> **Work to complete**
Among the following entries, count the lines that contain "alphaTex" and report only the result.
*** Block opens ***
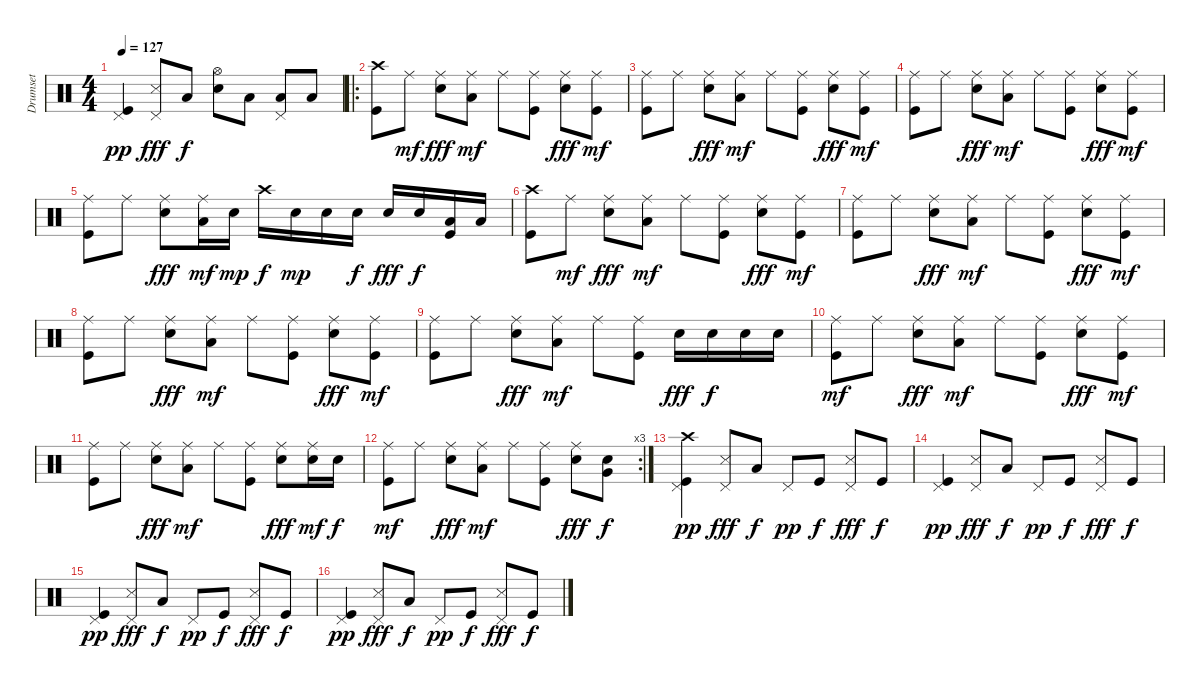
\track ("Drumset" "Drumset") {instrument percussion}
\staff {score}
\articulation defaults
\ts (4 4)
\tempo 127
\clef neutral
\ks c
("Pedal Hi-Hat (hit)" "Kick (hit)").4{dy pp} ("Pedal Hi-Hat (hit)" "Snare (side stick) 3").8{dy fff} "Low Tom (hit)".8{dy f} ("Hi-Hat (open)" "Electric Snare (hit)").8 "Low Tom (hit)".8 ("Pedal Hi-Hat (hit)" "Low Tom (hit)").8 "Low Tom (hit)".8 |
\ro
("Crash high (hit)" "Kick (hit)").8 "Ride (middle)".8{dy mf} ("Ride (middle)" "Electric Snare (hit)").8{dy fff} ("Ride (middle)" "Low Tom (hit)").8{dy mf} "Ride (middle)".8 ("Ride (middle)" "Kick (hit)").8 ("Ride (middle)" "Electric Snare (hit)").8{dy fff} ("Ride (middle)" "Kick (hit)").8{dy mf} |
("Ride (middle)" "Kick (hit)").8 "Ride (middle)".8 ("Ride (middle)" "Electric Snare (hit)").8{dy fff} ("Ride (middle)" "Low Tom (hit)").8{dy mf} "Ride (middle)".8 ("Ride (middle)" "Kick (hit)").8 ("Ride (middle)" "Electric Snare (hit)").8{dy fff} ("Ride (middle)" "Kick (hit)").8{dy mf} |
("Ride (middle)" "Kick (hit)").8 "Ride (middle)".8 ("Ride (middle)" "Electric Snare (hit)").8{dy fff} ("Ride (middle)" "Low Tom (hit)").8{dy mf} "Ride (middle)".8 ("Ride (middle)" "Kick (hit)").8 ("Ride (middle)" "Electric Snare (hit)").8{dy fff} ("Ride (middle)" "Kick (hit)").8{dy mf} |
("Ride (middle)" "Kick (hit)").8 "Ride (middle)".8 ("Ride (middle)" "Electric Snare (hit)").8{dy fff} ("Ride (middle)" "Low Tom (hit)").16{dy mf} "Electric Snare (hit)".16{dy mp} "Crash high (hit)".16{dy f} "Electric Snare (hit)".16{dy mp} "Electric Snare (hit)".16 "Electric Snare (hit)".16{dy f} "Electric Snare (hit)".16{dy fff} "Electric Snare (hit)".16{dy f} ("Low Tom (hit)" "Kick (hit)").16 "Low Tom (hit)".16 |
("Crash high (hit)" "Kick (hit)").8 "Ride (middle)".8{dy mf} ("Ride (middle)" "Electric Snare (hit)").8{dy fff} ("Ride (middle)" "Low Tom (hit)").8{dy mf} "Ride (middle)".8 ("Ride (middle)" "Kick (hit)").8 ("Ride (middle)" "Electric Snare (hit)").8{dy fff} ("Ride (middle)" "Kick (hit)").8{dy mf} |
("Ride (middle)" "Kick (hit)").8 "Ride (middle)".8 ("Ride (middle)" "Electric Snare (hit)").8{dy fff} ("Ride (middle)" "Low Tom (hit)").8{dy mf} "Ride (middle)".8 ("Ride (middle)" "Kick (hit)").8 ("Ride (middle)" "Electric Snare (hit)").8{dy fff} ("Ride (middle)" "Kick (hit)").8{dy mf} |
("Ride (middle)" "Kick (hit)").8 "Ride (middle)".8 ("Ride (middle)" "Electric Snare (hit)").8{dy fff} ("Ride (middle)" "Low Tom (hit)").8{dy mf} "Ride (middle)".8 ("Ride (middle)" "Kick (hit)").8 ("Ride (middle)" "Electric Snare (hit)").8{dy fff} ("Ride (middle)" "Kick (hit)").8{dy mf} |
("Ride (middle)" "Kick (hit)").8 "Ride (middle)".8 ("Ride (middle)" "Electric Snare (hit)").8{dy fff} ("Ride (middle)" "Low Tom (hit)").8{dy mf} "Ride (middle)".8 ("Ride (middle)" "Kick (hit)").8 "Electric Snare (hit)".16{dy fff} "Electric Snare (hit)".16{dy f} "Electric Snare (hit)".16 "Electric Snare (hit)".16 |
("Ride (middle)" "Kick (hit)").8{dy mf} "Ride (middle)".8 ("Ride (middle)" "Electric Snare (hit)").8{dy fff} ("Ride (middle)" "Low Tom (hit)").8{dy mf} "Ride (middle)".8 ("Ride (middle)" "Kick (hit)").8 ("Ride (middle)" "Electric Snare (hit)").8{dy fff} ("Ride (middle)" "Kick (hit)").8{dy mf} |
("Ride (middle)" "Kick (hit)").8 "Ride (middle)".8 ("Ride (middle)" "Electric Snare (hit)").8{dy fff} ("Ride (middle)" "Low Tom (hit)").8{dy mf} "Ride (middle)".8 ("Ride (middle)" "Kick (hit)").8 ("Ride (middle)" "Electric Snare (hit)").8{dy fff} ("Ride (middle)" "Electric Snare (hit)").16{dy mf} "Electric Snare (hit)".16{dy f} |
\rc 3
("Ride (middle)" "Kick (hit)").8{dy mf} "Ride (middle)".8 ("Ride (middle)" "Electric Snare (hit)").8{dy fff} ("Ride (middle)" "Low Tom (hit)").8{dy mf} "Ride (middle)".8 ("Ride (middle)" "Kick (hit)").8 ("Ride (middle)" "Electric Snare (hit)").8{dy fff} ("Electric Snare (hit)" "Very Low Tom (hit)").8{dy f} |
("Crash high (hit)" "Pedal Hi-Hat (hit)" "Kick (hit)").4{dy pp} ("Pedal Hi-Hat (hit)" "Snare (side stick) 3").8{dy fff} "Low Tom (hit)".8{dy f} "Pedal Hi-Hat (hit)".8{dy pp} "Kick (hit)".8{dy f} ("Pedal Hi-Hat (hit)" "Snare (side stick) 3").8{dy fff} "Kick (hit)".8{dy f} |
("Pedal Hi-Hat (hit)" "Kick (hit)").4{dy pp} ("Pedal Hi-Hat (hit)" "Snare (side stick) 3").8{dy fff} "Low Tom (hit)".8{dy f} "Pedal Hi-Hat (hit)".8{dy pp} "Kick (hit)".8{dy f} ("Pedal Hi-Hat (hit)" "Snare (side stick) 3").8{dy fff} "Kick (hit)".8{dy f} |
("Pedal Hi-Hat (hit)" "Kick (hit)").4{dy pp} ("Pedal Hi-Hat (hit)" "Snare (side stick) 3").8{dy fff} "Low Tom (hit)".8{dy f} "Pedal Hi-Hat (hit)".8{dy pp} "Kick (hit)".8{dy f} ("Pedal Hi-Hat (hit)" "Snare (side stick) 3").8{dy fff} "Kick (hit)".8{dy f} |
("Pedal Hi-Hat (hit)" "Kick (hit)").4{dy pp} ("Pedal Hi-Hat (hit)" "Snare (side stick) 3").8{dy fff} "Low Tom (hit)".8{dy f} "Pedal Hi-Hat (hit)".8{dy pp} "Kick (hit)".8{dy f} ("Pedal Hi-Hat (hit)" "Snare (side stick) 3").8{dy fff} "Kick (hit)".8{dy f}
*** Block closes ***
*** Block opens ***
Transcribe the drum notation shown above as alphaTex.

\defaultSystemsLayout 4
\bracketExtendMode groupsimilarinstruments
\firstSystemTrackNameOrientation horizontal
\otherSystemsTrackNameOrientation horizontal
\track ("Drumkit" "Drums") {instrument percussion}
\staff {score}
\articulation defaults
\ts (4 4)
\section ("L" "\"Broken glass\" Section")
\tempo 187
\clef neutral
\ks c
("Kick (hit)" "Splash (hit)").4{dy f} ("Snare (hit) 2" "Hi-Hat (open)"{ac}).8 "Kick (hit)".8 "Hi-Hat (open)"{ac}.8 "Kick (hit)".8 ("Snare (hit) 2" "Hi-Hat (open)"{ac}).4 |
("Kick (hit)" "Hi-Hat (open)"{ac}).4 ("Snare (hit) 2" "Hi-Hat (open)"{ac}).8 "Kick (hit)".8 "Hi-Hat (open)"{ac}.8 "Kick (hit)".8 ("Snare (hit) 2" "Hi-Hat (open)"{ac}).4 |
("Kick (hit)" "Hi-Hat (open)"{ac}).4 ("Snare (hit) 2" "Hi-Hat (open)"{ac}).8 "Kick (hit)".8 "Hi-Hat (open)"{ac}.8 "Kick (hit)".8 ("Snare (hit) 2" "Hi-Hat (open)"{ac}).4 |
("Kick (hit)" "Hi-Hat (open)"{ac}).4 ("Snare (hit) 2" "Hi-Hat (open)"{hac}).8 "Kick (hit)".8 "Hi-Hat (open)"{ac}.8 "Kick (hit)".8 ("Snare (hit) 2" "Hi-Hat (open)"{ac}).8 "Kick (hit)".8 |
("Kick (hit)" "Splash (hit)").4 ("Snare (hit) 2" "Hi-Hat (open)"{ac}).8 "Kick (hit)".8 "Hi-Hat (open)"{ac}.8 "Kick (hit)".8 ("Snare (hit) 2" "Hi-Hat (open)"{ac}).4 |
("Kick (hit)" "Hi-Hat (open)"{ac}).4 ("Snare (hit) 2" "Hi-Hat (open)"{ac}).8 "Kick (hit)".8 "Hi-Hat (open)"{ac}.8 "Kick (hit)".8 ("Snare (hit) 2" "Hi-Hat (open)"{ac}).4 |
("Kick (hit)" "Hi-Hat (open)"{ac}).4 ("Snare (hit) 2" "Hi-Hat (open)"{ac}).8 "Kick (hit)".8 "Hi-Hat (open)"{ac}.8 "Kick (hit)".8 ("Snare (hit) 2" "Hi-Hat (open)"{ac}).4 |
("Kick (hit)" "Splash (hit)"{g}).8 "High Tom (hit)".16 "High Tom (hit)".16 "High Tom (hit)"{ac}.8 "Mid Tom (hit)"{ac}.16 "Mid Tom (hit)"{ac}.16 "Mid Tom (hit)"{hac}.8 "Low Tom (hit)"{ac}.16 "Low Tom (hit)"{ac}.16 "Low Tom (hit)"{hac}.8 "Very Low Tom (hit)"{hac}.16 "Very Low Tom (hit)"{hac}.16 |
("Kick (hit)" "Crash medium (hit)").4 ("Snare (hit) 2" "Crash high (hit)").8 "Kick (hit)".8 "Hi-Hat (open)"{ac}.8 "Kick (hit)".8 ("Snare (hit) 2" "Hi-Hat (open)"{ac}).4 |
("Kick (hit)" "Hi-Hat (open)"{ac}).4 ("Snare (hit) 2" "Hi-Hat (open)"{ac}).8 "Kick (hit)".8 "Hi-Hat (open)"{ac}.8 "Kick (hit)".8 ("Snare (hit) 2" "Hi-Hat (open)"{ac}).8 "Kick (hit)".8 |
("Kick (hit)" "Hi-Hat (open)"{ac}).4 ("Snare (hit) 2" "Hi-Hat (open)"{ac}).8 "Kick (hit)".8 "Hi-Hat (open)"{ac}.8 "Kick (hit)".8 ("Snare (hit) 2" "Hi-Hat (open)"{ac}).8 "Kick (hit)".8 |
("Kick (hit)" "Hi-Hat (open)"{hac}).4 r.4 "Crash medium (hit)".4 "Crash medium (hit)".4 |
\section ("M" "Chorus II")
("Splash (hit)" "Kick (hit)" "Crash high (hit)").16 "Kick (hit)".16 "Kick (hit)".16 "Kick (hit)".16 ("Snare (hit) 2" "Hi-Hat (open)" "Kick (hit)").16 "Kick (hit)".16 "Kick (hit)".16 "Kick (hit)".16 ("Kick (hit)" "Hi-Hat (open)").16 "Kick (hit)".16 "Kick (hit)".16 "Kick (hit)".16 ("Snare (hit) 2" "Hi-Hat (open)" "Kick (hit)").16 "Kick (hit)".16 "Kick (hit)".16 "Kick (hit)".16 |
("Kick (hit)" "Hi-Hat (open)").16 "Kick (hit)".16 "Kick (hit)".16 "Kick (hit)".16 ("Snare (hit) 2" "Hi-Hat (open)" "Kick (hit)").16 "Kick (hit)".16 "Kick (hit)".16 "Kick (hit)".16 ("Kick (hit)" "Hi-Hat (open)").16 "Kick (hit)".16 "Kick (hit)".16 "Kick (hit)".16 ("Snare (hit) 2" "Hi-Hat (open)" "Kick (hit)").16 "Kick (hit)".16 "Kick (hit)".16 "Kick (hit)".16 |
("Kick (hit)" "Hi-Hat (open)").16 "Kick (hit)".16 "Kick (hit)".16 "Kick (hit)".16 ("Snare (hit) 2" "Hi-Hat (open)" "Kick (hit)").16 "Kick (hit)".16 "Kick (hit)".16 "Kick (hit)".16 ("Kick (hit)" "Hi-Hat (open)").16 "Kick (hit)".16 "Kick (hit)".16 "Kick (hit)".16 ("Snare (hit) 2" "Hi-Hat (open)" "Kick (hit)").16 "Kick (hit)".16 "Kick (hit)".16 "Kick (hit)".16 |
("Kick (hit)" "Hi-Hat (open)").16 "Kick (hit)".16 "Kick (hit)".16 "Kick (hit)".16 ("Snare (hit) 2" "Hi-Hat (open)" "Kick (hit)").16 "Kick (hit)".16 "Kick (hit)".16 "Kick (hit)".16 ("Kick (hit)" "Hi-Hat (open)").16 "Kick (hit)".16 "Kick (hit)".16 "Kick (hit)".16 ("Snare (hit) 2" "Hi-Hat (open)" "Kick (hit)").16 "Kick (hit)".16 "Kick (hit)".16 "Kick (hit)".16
*** Block closes ***
*** Block opens ***
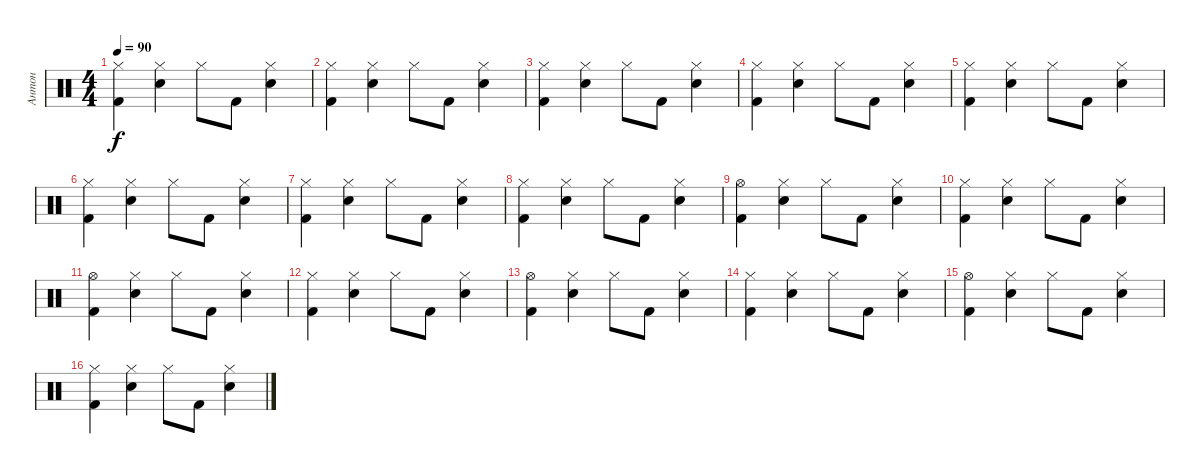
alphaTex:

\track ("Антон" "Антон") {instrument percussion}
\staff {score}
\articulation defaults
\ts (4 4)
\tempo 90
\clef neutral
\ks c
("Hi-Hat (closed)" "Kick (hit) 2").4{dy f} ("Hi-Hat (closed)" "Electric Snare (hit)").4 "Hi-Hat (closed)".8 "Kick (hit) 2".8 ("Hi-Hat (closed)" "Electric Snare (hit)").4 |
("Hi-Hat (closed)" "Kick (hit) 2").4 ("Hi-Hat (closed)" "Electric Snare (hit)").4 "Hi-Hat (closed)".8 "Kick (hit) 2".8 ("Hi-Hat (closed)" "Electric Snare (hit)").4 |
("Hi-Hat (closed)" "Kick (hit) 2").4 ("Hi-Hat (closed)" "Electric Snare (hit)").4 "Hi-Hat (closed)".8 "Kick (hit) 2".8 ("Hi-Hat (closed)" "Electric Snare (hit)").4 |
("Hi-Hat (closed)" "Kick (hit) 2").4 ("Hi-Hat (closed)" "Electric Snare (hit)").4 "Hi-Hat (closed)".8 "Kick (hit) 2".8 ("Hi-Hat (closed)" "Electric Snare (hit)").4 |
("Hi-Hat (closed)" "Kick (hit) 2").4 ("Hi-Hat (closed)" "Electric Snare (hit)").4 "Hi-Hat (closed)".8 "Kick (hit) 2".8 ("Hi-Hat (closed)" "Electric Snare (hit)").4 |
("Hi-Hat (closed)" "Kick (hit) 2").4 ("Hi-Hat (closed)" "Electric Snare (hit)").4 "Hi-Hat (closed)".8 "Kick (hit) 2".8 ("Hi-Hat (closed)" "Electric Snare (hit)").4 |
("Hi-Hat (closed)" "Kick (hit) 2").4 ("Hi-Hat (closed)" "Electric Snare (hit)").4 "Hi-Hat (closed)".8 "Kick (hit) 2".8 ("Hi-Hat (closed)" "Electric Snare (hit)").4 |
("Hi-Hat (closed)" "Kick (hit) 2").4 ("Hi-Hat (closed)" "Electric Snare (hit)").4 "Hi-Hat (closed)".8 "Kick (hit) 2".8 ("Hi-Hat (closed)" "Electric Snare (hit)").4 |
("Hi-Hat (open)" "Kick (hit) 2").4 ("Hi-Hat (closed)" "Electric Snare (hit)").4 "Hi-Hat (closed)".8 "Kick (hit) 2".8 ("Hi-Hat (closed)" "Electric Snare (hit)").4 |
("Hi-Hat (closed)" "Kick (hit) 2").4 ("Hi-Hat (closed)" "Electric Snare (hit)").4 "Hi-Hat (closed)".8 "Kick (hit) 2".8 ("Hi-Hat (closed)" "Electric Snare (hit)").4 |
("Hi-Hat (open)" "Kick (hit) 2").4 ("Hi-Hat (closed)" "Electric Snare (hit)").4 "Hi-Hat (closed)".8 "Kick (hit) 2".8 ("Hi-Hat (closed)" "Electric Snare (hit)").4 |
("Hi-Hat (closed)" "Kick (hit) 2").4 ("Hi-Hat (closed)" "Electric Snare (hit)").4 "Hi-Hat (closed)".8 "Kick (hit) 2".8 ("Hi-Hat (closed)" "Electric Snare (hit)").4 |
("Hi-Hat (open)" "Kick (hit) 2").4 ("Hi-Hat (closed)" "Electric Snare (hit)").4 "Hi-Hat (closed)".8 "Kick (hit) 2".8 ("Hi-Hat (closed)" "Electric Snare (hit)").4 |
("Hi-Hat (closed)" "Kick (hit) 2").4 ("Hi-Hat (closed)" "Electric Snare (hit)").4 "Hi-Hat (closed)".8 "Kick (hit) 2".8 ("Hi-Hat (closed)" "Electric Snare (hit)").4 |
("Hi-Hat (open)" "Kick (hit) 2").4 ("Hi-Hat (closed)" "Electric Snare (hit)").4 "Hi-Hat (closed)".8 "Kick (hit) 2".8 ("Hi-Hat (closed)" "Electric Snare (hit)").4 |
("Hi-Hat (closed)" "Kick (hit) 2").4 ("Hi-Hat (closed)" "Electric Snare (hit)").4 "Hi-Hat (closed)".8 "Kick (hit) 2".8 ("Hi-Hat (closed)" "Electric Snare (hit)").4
*** Block closes ***
> **Exercise result**
2